If ever there was a life that was worth preserving, a conscious life would be one, but our fictions that bring us together will cause our eventual extinction. Not just individual deaths, but the very prospect of being born, will become unavailable. 

It's time to invent a more unifying make-believe story to replace the parochial and divisive ones. It should highlight, underscore, and italicise in giant bold fonts the fact that if the sky does fall on our silly heads, it will happen everywhere, and again with heavy emphasis of some sort, every time. If we can only get our minds together, there's a sliver of a chance, however miniscule, that this can be avoided.

But I don't see any proof of this realisation reflected in events around the globe, with leaders simply trying to shove the onus of action to another time, as if we already have it. COP26, the climate conference, was another shameful cop out. You'd think that they'd realise that it's getting rather hot lately. 

I think, and I may be alone in this observation, that the COP was a designed flop, almost by definition: Sort of like expecting to outlaw rape by inviting all the rapists, excited juniors and experienced seniors, for a chat over tea. It's an event orchestrated for the camera, a flamboyant show of pretence and superficial amity. 
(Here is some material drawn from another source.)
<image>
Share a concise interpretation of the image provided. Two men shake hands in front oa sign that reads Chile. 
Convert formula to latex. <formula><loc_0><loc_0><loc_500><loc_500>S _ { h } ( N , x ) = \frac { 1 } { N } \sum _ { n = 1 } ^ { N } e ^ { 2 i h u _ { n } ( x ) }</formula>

It's just another way to shift responsibilities and blame, bury actions in kafkaesque policies, and perpetuate the status quo.

It's the developed countries that have to cough up the dough to provide transition for poorer countries, not simply to reverse the cruel historical injustice and crime asymmetry, but because otherwise it'll take too much time, which I hate to keep reminding you, the disinterested reader, that we don't have. 
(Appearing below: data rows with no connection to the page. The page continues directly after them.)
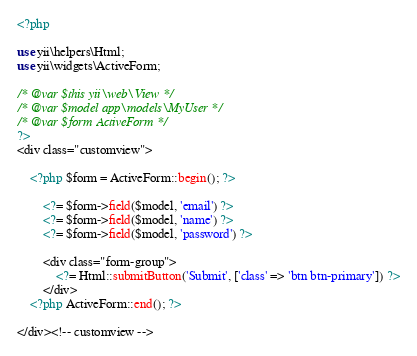<code> <loc_0><loc_0><loc_500><loc_500><_PHP_><?php

use yii\helpers\Html;
use yii\widgets\ActiveForm;

/* @var $this yii\web\View */
/* @var $model app\models\MyUser */
/* @var $form ActiveForm */
?>
<div class="customview">

    <?php $form = ActiveForm::begin(); ?>

        <?= $form->field($model, 'email') ?>
        <?= $form->field($model, 'name') ?>
        <?= $form->field($model, 'password') ?>
    
        <div class="form-group">
            <?= Html::submitButton('Submit', ['class' => 'btn btn-primary']) ?>
        </div>
    <?php ActiveForm::end(); ?>

</div><!-- customview -->
</code> 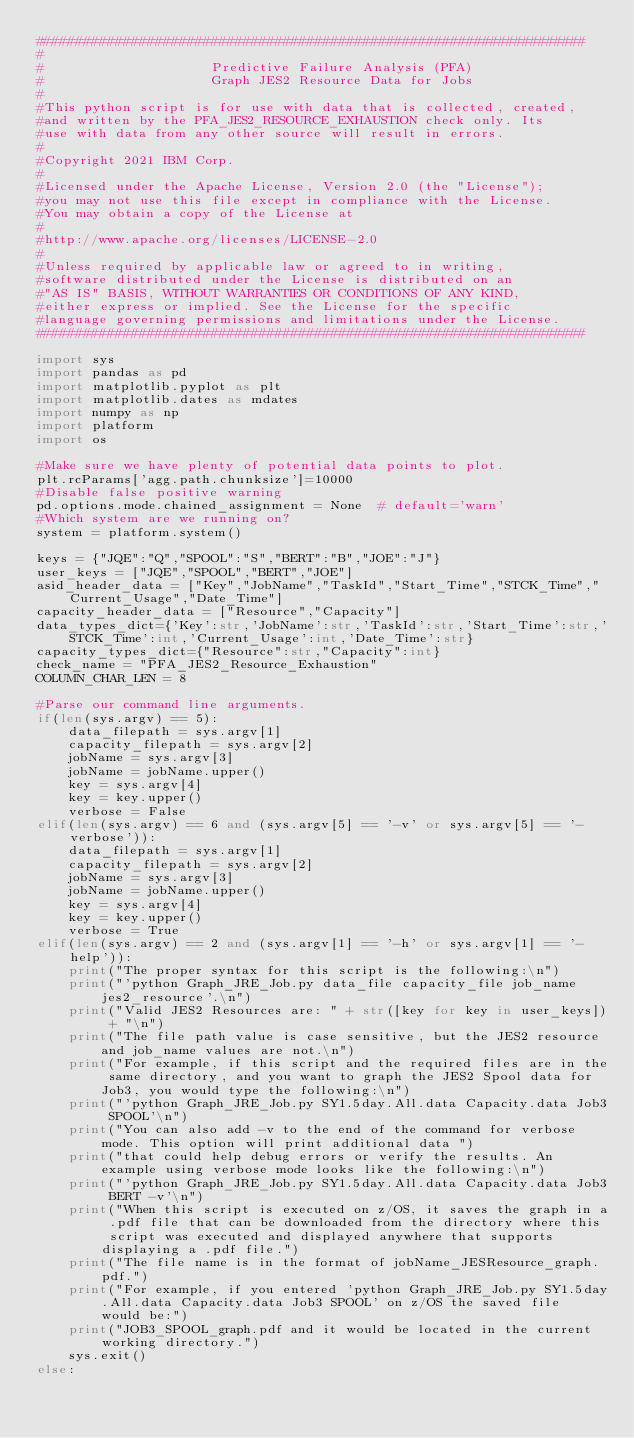Convert code to text. <code><loc_0><loc_0><loc_500><loc_500><_Python_>#####################################################################
#
#                     Predictive Failure Analysis (PFA)
#                     Graph JES2 Resource Data for Jobs
#
#This python script is for use with data that is collected, created,
#and written by the PFA_JES2_RESOURCE_EXHAUSTION check only. Its
#use with data from any other source will result in errors.
#
#Copyright 2021 IBM Corp.                                          
#                                                                   
#Licensed under the Apache License, Version 2.0 (the "License");   
#you may not use this file except in compliance with the License.  
#You may obtain a copy of the License at                           
#                                                                   
#http://www.apache.org/licenses/LICENSE-2.0                        
#                                                                   
#Unless required by applicable law or agreed to in writing,        
#software distributed under the License is distributed on an       
#"AS IS" BASIS, WITHOUT WARRANTIES OR CONDITIONS OF ANY KIND,      
#either express or implied. See the License for the specific       
#language governing permissions and limitations under the License. 
#####################################################################

import sys
import pandas as pd
import matplotlib.pyplot as plt
import matplotlib.dates as mdates
import numpy as np
import platform
import os

#Make sure we have plenty of potential data points to plot.
plt.rcParams['agg.path.chunksize']=10000
#Disable false positive warning
pd.options.mode.chained_assignment = None  # default='warn'
#Which system are we running on?
system = platform.system()

keys = {"JQE":"Q","SPOOL":"S","BERT":"B","JOE":"J"}
user_keys = ["JQE","SPOOL","BERT","JOE"]
asid_header_data = ["Key","JobName","TaskId","Start_Time","STCK_Time","Current_Usage","Date_Time"]
capacity_header_data = ["Resource","Capacity"]
data_types_dict={'Key':str,'JobName':str,'TaskId':str,'Start_Time':str,'STCK_Time':int,'Current_Usage':int,'Date_Time':str}
capacity_types_dict={"Resource":str,"Capacity":int}
check_name = "PFA_JES2_Resource_Exhaustion"
COLUMN_CHAR_LEN = 8

#Parse our command line arguments.
if(len(sys.argv) == 5):
    data_filepath = sys.argv[1]
    capacity_filepath = sys.argv[2]
    jobName = sys.argv[3]
    jobName = jobName.upper()
    key = sys.argv[4]
    key = key.upper()
    verbose = False
elif(len(sys.argv) == 6 and (sys.argv[5] == '-v' or sys.argv[5] == '-verbose')):
    data_filepath = sys.argv[1]
    capacity_filepath = sys.argv[2]    
    jobName = sys.argv[3]
    jobName = jobName.upper()
    key = sys.argv[4]
    key = key.upper()
    verbose = True
elif(len(sys.argv) == 2 and (sys.argv[1] == '-h' or sys.argv[1] == '-help')):
    print("The proper syntax for this script is the following:\n")
    print("'python Graph_JRE_Job.py data_file capacity_file job_name jes2_resource'.\n")
    print("Valid JES2 Resources are: " + str([key for key in user_keys]) + "\n")
    print("The file path value is case sensitive, but the JES2 resource and job_name values are not.\n")
    print("For example, if this script and the required files are in the same directory, and you want to graph the JES2 Spool data for Job3, you would type the following:\n")
    print("'python Graph_JRE_Job.py SY1.5day.All.data Capacity.data Job3 SPOOL'\n")
    print("You can also add -v to the end of the command for verbose mode. This option will print additional data ")
    print("that could help debug errors or verify the results. An example using verbose mode looks like the following:\n")
    print("'python Graph_JRE_Job.py SY1.5day.All.data Capacity.data Job3 BERT -v'\n")
    print("When this script is executed on z/OS, it saves the graph in a .pdf file that can be downloaded from the directory where this script was executed and displayed anywhere that supports displaying a .pdf file.")
    print("The file name is in the format of jobName_JESResource_graph.pdf.")
    print("For example, if you entered 'python Graph_JRE_Job.py SY1.5day.All.data Capacity.data Job3 SPOOL' on z/OS the saved file would be:")
    print("JOB3_SPOOL_graph.pdf and it would be located in the current working directory.")
    sys.exit()
else:</code> 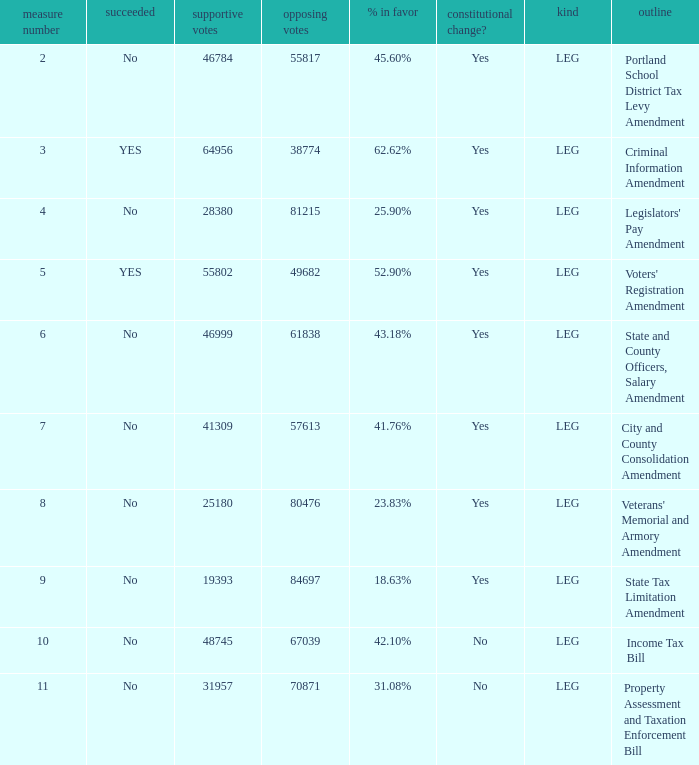Who had 41.76% yes votes City and County Consolidation Amendment. Give me the full table as a dictionary. {'header': ['measure number', 'succeeded', 'supportive votes', 'opposing votes', '% in favor', 'constitutional change?', 'kind', 'outline'], 'rows': [['2', 'No', '46784', '55817', '45.60%', 'Yes', 'LEG', 'Portland School District Tax Levy Amendment'], ['3', 'YES', '64956', '38774', '62.62%', 'Yes', 'LEG', 'Criminal Information Amendment'], ['4', 'No', '28380', '81215', '25.90%', 'Yes', 'LEG', "Legislators' Pay Amendment"], ['5', 'YES', '55802', '49682', '52.90%', 'Yes', 'LEG', "Voters' Registration Amendment"], ['6', 'No', '46999', '61838', '43.18%', 'Yes', 'LEG', 'State and County Officers, Salary Amendment'], ['7', 'No', '41309', '57613', '41.76%', 'Yes', 'LEG', 'City and County Consolidation Amendment'], ['8', 'No', '25180', '80476', '23.83%', 'Yes', 'LEG', "Veterans' Memorial and Armory Amendment"], ['9', 'No', '19393', '84697', '18.63%', 'Yes', 'LEG', 'State Tax Limitation Amendment'], ['10', 'No', '48745', '67039', '42.10%', 'No', 'LEG', 'Income Tax Bill'], ['11', 'No', '31957', '70871', '31.08%', 'No', 'LEG', 'Property Assessment and Taxation Enforcement Bill']]}

Climate change is a global, intergenerational issue.We are all on this planet, and there is nowhere else we can go, no planet B. 
And while sea-level small islands, the areas near the equator, cities close to waterways, and the poor are the first to suffer, the rich and the powerful still live on this planet, albeit on slightly different islands, and these differences become less meaningful quickly when massive catastrophic accidents become ordinary. It will take an "x" foot wave a couple of minutes to wipe out an entire country along with all our vain differences. If x = 10, it may be the Maldives, if x = 100, it might be Australia. The scales are different, and the mischief is in the miscalculation. Undertelling the tale will only make the danger more apocalyptic and startling. 

We mustn't forget that we live under the same sky, no matter how complicated the division story in our heads is. We don't have much time; it's already dire. After this short window of opportunity passes, it'll be too late to even pass on the burden of inaction to our progeny, for they will be sitting ducks, and generations after that won't exist for homo sapiens. 

It's delusional to expect anything from a science-illiterate world where many still think the world is flat and the periodic table is furniture. With so little science education and so much oversimplification, dogmatism, and religiosity, there's a lot of work that needs to be done to get people to even "see" reality as it exists in the detail that is necessary, and until that time, there's very little that can be done at the crowd level. But that is the level at which I can operate with my limitations, and if I can get even one person to read this blog and realise that the stakes are high, I'd feel I've achieved something. 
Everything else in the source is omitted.